(Stored data)

════════

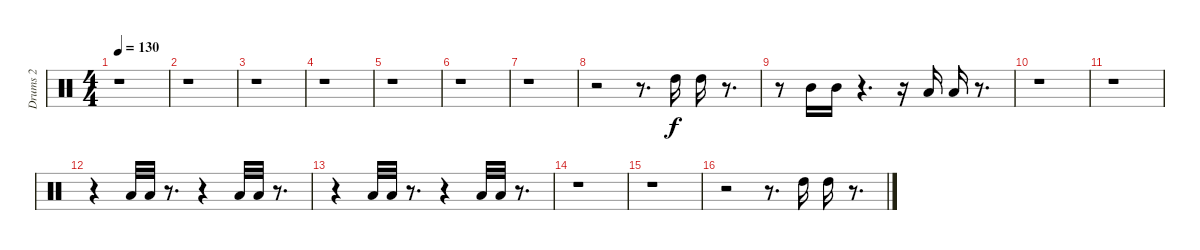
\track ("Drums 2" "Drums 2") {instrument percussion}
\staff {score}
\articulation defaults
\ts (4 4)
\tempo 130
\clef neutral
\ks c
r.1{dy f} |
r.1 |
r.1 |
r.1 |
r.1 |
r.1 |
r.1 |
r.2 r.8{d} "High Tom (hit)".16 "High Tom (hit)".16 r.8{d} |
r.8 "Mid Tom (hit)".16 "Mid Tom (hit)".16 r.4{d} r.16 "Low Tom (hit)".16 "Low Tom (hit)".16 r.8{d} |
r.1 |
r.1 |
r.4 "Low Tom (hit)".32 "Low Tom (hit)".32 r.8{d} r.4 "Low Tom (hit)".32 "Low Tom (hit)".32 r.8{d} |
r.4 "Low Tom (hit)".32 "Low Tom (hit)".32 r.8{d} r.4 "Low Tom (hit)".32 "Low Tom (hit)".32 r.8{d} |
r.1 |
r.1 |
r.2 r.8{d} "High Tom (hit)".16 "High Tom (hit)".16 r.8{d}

════════

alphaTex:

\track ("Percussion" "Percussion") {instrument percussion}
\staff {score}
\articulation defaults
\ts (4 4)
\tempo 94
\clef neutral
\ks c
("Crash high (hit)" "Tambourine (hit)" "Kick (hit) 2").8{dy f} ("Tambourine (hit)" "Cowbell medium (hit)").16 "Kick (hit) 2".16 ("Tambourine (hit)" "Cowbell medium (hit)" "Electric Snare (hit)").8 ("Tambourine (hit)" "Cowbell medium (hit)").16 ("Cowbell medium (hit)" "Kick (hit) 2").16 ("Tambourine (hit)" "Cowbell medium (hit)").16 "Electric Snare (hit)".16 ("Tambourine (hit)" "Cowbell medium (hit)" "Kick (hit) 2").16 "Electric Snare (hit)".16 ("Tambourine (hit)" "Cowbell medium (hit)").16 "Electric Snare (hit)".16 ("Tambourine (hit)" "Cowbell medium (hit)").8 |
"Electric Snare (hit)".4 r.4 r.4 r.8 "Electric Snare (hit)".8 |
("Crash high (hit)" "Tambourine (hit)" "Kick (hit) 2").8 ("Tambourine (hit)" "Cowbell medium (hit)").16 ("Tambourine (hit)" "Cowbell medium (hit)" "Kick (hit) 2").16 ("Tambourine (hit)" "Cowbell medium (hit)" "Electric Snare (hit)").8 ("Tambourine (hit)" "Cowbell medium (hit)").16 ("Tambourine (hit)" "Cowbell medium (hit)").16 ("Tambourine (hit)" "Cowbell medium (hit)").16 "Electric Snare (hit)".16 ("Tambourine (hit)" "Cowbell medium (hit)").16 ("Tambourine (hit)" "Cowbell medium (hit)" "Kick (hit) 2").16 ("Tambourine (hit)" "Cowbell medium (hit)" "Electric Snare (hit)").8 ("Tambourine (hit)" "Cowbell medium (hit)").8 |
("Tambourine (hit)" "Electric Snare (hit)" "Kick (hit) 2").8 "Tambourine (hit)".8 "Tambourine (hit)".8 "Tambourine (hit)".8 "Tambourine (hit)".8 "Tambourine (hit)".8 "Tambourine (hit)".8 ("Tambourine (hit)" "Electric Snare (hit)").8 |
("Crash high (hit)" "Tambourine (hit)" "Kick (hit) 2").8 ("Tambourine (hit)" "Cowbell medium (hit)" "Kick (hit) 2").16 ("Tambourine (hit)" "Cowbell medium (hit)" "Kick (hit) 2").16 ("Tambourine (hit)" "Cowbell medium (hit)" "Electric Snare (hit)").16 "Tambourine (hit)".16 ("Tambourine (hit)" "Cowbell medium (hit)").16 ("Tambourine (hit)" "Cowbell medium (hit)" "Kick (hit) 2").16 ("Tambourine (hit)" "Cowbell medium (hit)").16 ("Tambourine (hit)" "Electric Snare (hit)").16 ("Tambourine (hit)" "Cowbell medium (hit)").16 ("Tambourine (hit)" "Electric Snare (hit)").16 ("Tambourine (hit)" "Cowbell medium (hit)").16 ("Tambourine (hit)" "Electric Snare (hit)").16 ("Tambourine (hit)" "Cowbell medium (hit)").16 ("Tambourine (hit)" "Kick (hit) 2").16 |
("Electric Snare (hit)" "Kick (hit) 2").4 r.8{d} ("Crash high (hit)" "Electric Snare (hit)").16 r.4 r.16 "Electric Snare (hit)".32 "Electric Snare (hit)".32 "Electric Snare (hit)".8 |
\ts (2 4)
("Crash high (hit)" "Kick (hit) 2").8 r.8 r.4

════════

THE PROBLEM -> Tally the lines of the records that contain the word "percussion" and state the total alone.

SOLUTION -> 2